What is expected | Your copy should hold only the lines from the one holding "Follow the order of the list." through the last line of the records below, both included, each exact and with no pictures.

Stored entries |
+---+

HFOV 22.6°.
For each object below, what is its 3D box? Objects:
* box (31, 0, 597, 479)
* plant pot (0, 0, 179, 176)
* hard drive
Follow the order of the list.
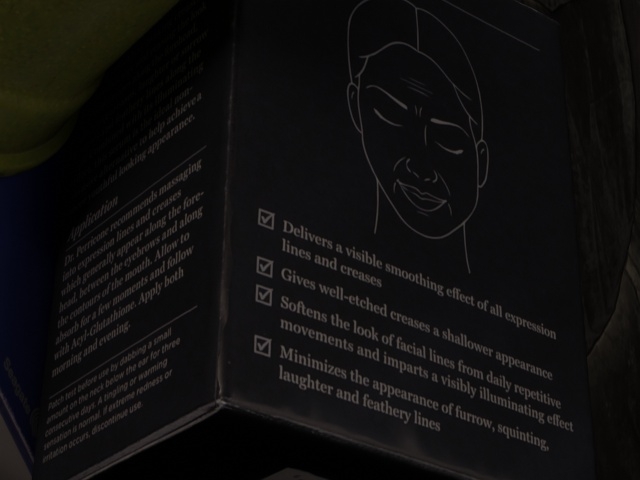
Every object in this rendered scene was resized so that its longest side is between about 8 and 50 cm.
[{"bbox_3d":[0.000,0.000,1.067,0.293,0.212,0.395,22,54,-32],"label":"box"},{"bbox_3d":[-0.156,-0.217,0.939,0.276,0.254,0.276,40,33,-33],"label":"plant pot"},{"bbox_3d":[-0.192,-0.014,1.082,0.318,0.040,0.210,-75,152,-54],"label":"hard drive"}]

+---+

Exercise answer |
Follow the order of the list.
Every object in this rendered scene was resized so that its longest side is between about 8 and 50 cm.
[{"bbox_3d":[0.000,0.000,1.067,0.293,0.212,0.395,22,54,-32],"label":"box"},{"bbox_3d":[-0.156,-0.217,0.939,0.276,0.254,0.276,40,33,-33],"label":"plant pot"},{"bbox_3d":[-0.192,-0.014,1.082,0.318,0.040,0.210,-75,152,-54],"label":"hard drive"}]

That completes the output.